FROT Maurice, Jean, Paul

Par Sylvain Boulouque

Né le 30 juillet 1928 à Decazeville (Aveyron) , mort le 6 septembre 2004 à Brunoy (Essonne) ; écrivain, auteur compositeur ; libertaire.

Maurice Frot en 1974
Maurice Frot en 1974
Cliché communiqué par Alain Meilland

Issu d’un milieu populaire rural, son père, Marcel Frot, était maréchal-ferrant (forgeron selon l’acte de naissance) et sa mère, Rose née Dauzou, sans profession. Maurice Frot se rapprocha de la Résistance, puis grâce à des faux papiers obtenus par ce biais s’engagea dans l’armée (comme parachutiste) à la Libération, âgé de dix-sept ans. Il fuyait l’ennui, sa mère, et une vie toute tracée dans un emploi de fonctionnaire ou à la mine, dont il ne voulait pas. Envoyé avec le corps expéditionnaire en Indochine, il débarqua le 8 mars 1946 à Hanoï : le 6 mars venaient d’être signés des accords reconnaissant l’indépendance de la République Démocratique du Vietnam de Hô Chi Minh au sein de l’Union française.
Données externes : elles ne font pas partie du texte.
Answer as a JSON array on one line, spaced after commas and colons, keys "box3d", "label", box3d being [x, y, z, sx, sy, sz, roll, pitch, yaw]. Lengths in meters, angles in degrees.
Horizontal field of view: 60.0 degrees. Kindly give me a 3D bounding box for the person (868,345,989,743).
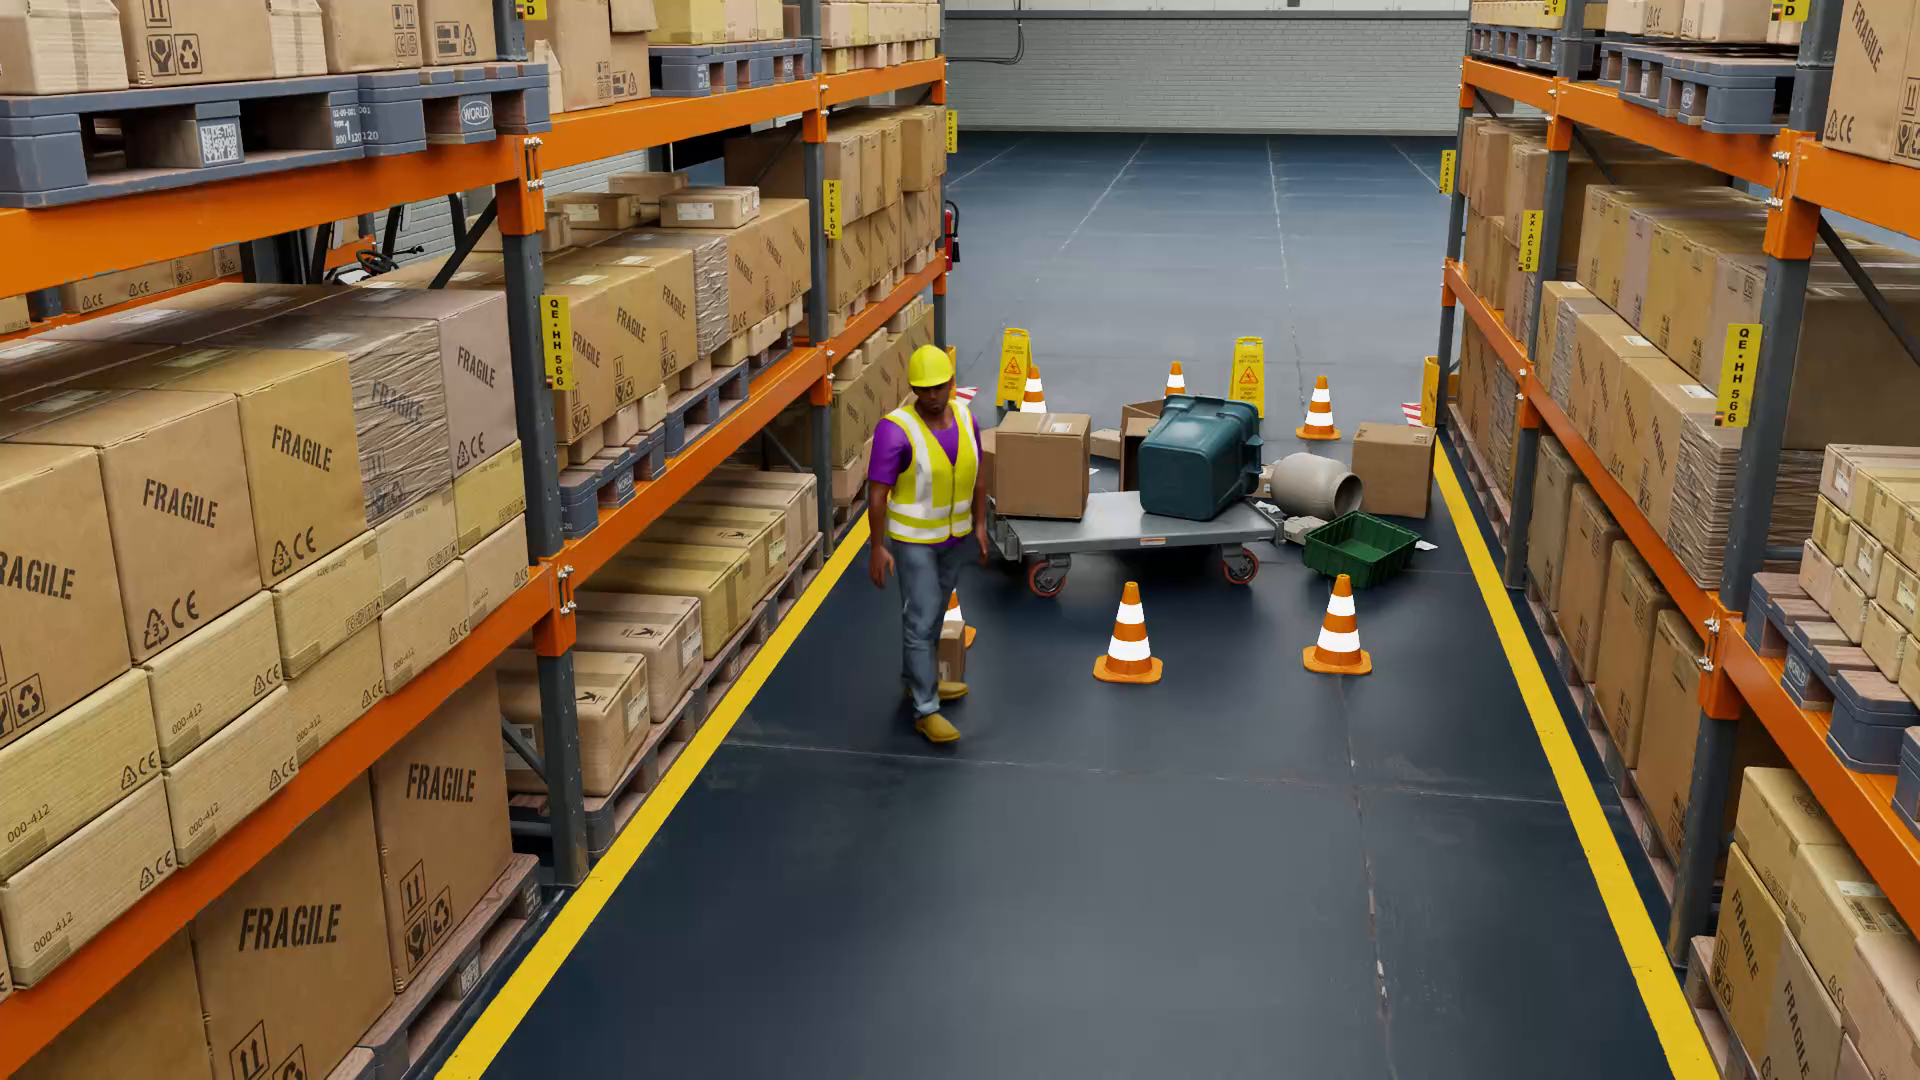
[{"box3d": [-0.121, -0.002, 7.475, 0.629, 1.766, 0.616, -16, 24, -41], "label": "person"}]

Démobilisé en 1948, il ne rentra à Decazeville que pour fuir à nouveau. Tenté par la pêche à la morue, il y renonça très vite : cette vie de « damnés » n’est pas pour lui. Les petits boulots se succédèrent, ; l’un d’entre eux lui fit rencontrer son épouse, Raymonde Faucher. Il se marièrent en avril 1949 et s’installèrent à Clichy. Maurice Frot obtint un emploi comme commercial dans une entreprise de contreplaqué. Mais son « expérience » indochinoise le hantait : il écrivait la nuit des dizaines de poèmes évoquant cette période, dans un cahier d’écolier. Et il déprimait, rendant la vie conjugale bien difficile. Il lisait beaucoup, commençait à fréquenter le milieu anar dont il se sentait proche, ce qui lui donna l’occasion d’entendre Léo Ferré lors d’un récital à la Mutualité. Ce qu’écrivait Léo Ferré était complètement en phase avec ce que lui-même ressentait et pensait. En 1956, le couple Frot était au bord de la rupture, alors son épouse, Raymonde Faucher, sans rien lui dire, prit les poèmes de son mari et alla sonner chez les Ferré, boulevard Pershing à Paris. Elle s’expliqua comme elle pouvait avec Madeleine qui la recevait, et demanda si Léo Ferré accepterait de lire ce qu’elle avait apporté en précisant bien qu’elle récupèrerait impérativement ces écrits le lendemain. Quand elle revint le jour suivant, ce furent Madeleine et Léo qui la reçurent : « on vous attend pour dîner samedi soir ». Au cours de cette réception, Léo Ferré lui dit simplement « Tu n’es pas poète. Mais mets-toi au boulot, et écrit un bouquin sur ce que tu as vécu là-bas ». Léo Ferré devint ainsi son ami. Maurice Frot mit sept ans à écrire Le Roi des rats : Léo Ferré avait été sans complaisance et lui fit réécrire chacune de ses versions jusqu’à ce qu’il agrée celle dont il fit la préface.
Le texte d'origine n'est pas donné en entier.